Belum selesai dengan tingginya harga pertalite dan langkanya premium, masyarakat Riau, khususnya Kota Pekanbaru kembali dihadapkan dengan kelangkaan solar yang juga bersubsidi. Kelangkaan tersebut terjadi sejak tiga pekan terakhir.
"Keluhan dari anggota kami sudah sejak tiga minggu lalu. Kalau saya lihat, Pemerintah terkesan berupaya menggiring masyarakat agar beralih ke Dexlite. Namun, harganya Dexlite juga terus mengalami kenaikan. Bahkan kenaikannya tak pernah diberitahukan kepada kita. Terlebih ketersediaan Dexlite juga masih terbatas di Pekanbaru. Tidak semua SPBU ada menyediakan BBM jenis ini," sebutnya.
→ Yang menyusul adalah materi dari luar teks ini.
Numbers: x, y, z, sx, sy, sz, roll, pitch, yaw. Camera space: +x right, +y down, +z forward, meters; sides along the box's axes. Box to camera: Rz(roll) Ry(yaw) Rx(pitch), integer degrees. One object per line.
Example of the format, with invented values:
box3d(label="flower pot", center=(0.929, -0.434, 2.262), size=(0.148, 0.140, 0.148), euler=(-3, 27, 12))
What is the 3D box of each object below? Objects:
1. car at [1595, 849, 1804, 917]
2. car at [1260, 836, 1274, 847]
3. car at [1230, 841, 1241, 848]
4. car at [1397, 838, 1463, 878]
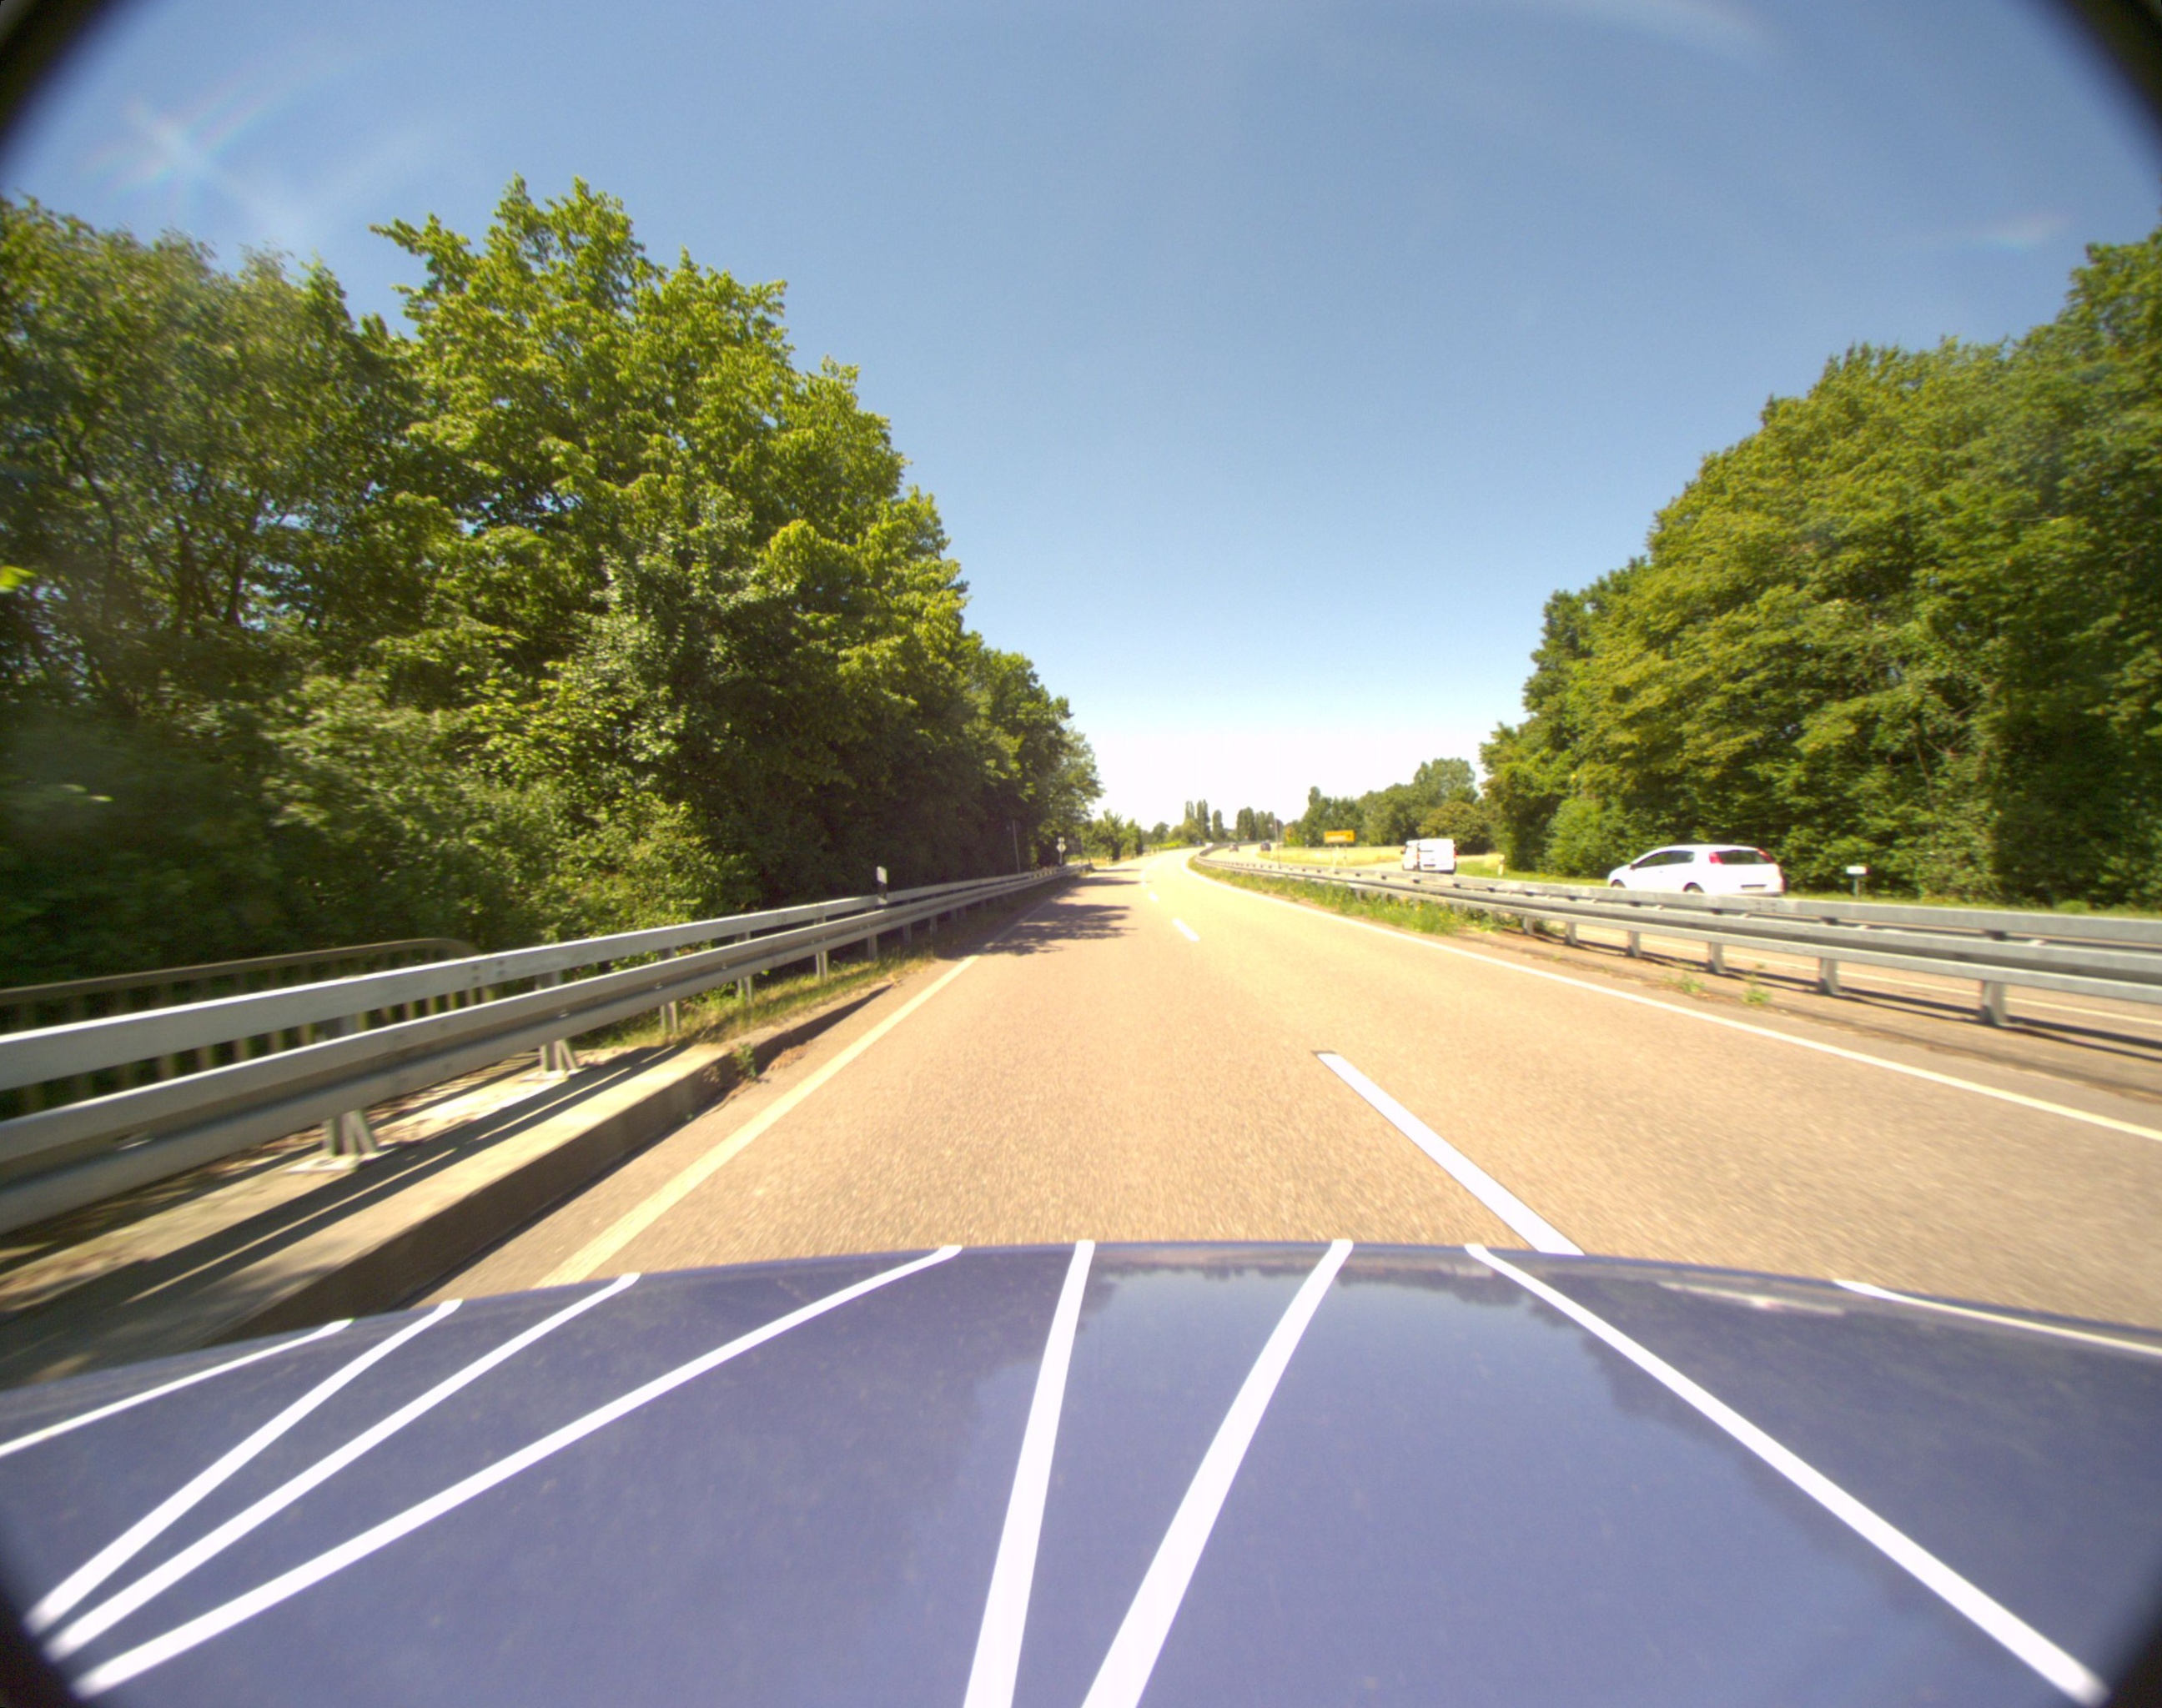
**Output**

Sementara itu, Manager Humas Pertamina Wilayah Sumbagteng Rudi Arrifianto saat dihubungi melalui telepon seluler membantah bahwa solar mengalami kelangkaan.
"Solar gak langka di Riau. Secara keseluruhan konsumsi solar di Riau masih normal-normal saja, rata-rata harian di kita itu konsumsi solar antara 1.900 KL per hari. Dan itu tidak ada perubahan dari tahun-tahun sebelumnya. Kecuali bulan Februari memang turun, karena jumlah harinya sedikit dan aktivitas di Februari juga gak banyak," jelas Rudi.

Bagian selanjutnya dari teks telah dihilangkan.